New rules come into force in October for VAT-registered firms reporting under the Construction Industry Scheme (CIS) as part of HMRC’s attempt to tackle fraud in the industry.
Fraudsters who set up companies in order to siphon off VAT and then close within months before paying anything to HMRC, have started operating in the construction industry. As measures have been taken in other sectors to close them down, the fraudsters have sought out other industries to exploit.
The domestic reverse charge (meaning UK-only) will be introduced from 1 October and means that businesses receiving certain services will have to pay VAT directly to HMRC instead of the supplier of those services. This removes the flow of money from VAT between businesses, with the onus on the recipient of services to account for the VAT.
Those affected include sole traders and individuals working as contractors, or sub-contractors to larger contractors, or through agencies. CIS registered companies and companies invoicing non-CIS registered clients will continue to charge VAT as usual.
The charge applies only to supplies subject to standard or reduced rate VAT, not to zero-rated supplies or suppliers below the VAT threshold. VAT accounted for under the charge will not count towards the VAT registration limit for the recipient.
The specific services targeted include:
- installations of systems such as heating, air-conditioning, power, drainage, sanitation etc.
- internal or external painting and decorating
- construction, demolition, repair or alteration of any structures.

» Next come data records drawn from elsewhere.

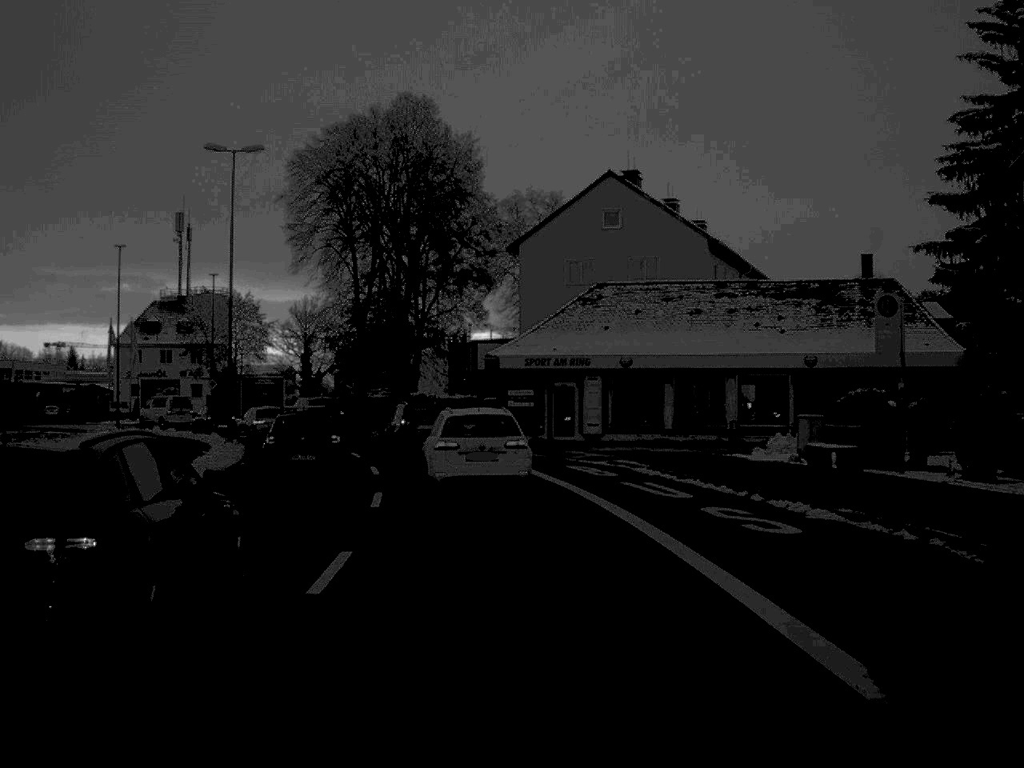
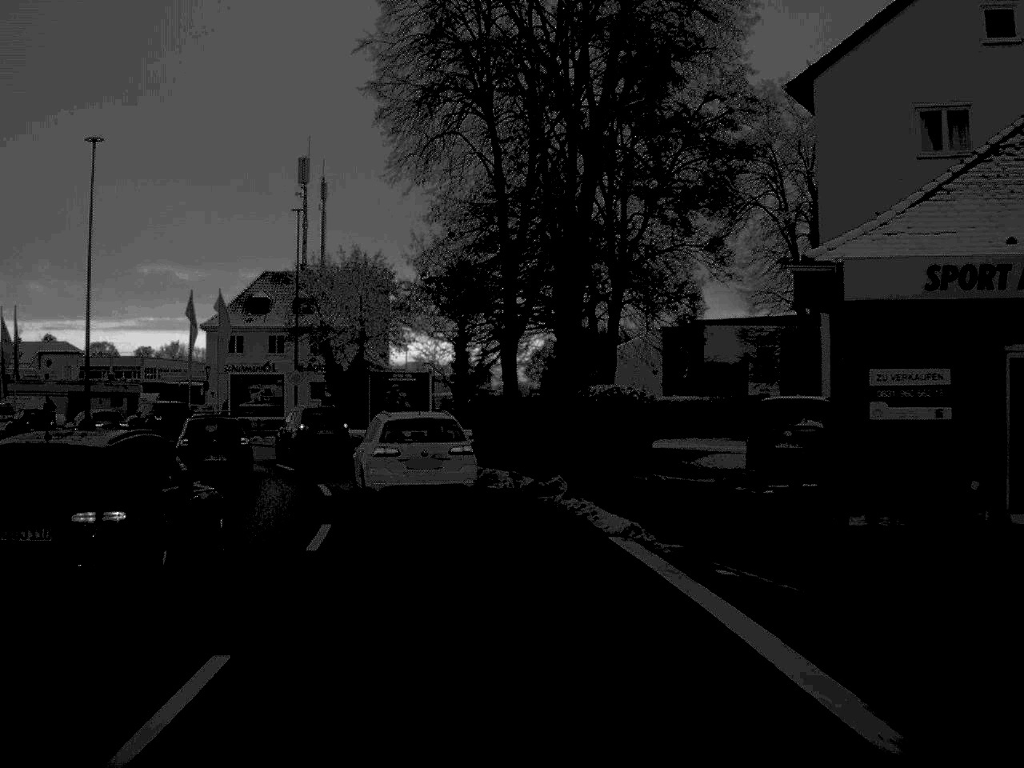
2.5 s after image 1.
(-2.1, +32.4) m; -9°
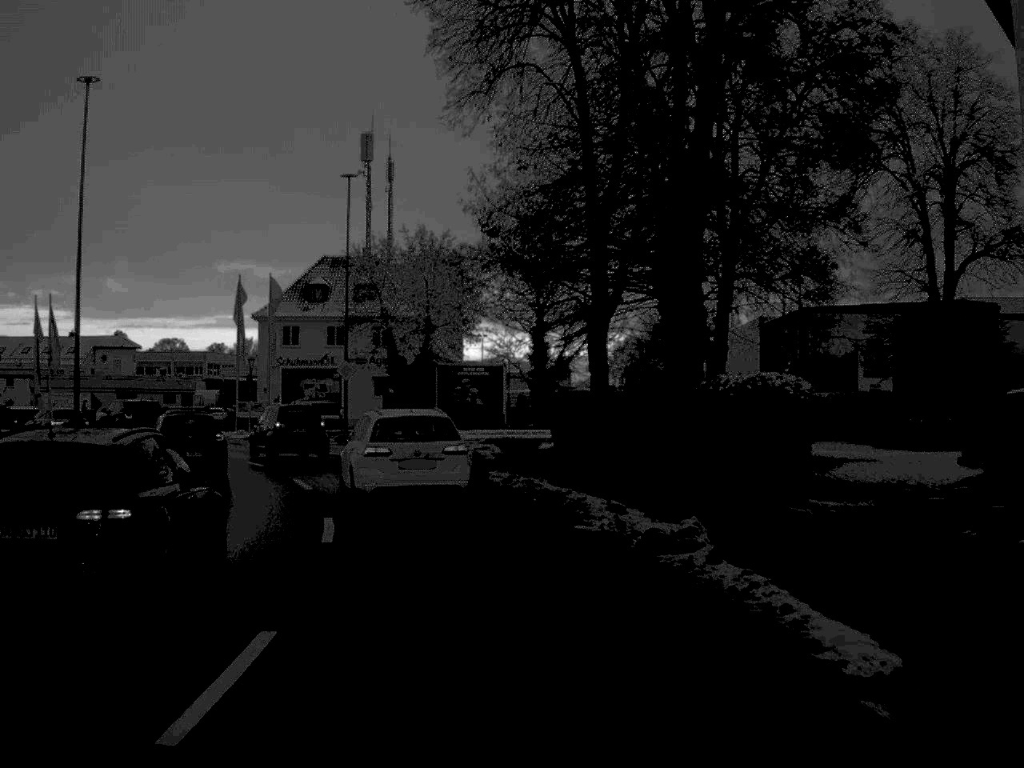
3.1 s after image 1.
(-0.3, +8.3) m; -4°
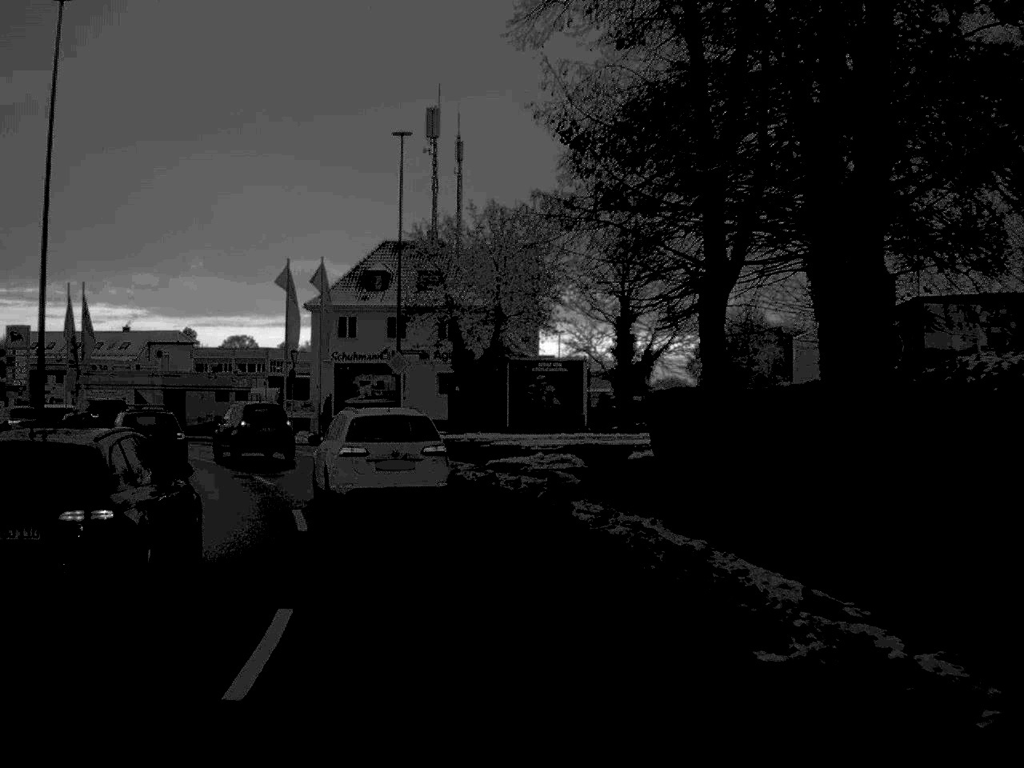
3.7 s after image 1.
(-0.2, +7.9) m; -3°
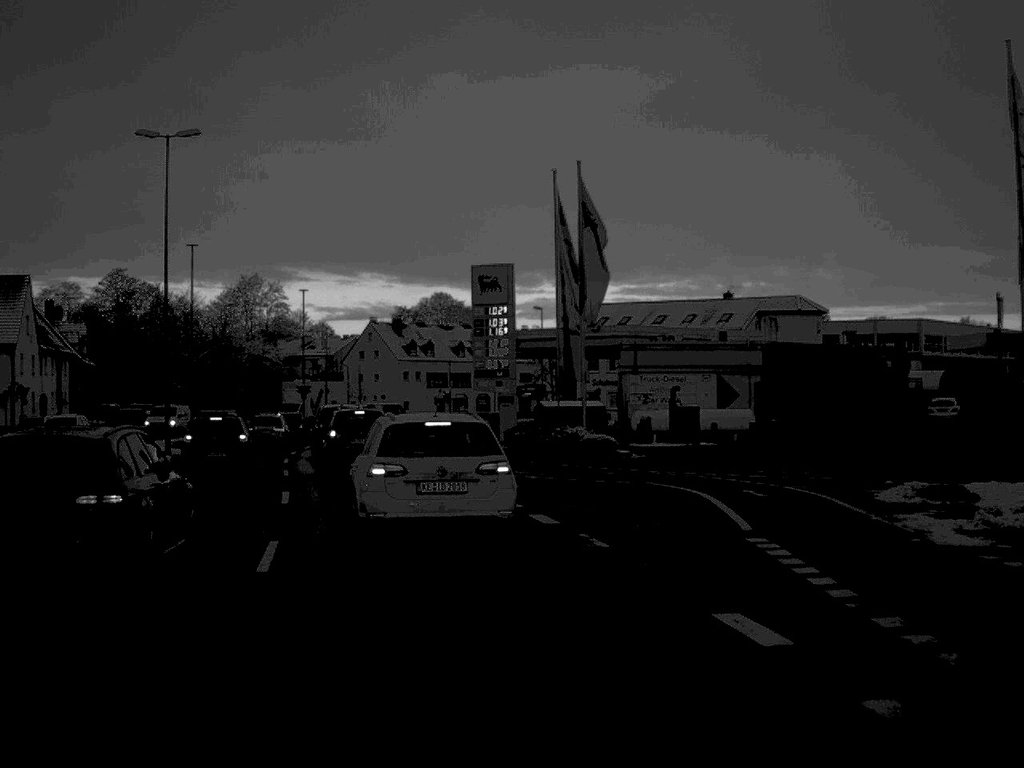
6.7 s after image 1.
(-8.9, +38.3) m; -29°
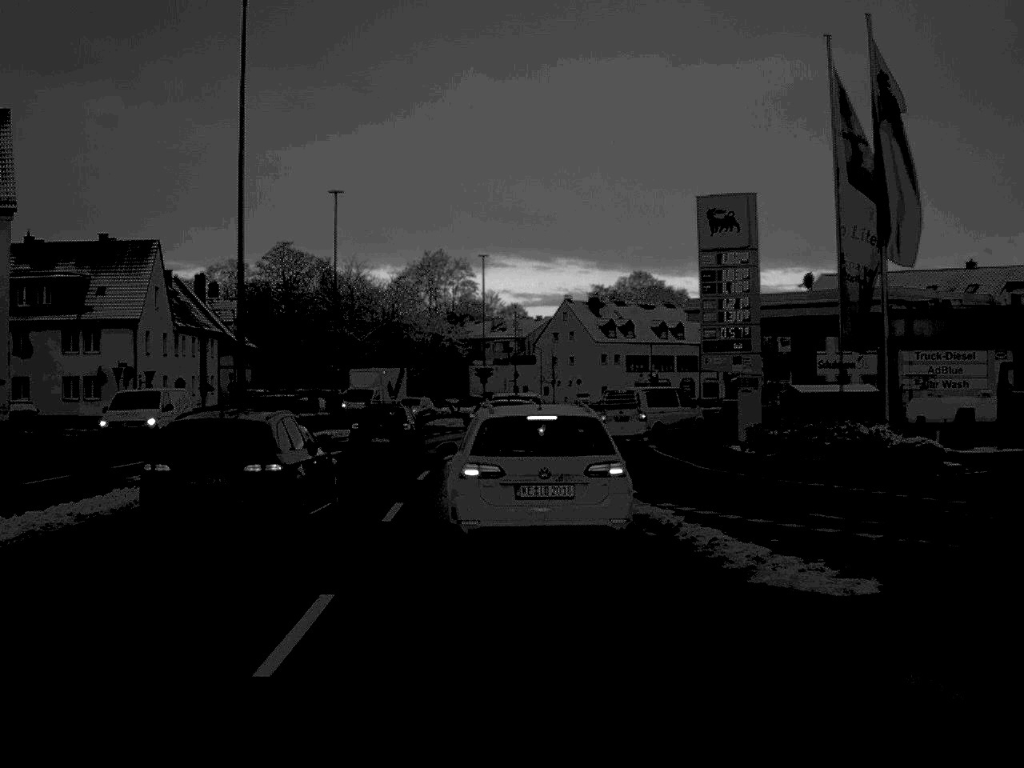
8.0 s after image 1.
(-1.2, +14.0) m; -9°
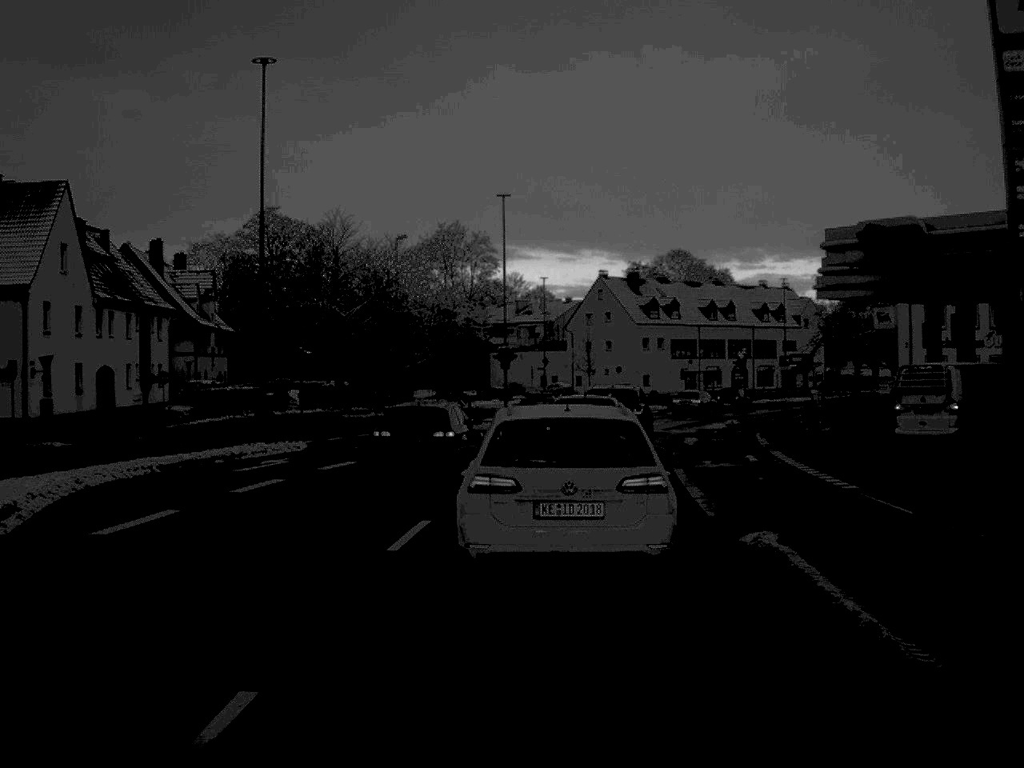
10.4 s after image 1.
(-0.5, +21.1) m; -1°

Excluded from the reverse charge are professional work from surveyors and architects, machinery delivery or installation of security systems.

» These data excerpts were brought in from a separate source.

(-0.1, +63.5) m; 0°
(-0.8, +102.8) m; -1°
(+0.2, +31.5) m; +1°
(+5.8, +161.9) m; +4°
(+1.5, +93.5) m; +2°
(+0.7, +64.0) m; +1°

Any contracts that are only partially completed by the October start date will have to be reviewed to assess whether the new charge needs to be applied to unfinished elements of a project. Subcontractors will need to plan for cashflow implications as previous, perfectly legitimate, uses of VAT around cashflow will disappear.
HMRC has said that it will apply a ‘light touch’ on any penalties for the first six months to allow firms to transition to the new regulations. If businesses are seen to be trying to comply with the new rules, and correct any errors as soon as possible, they should avoid being penalised.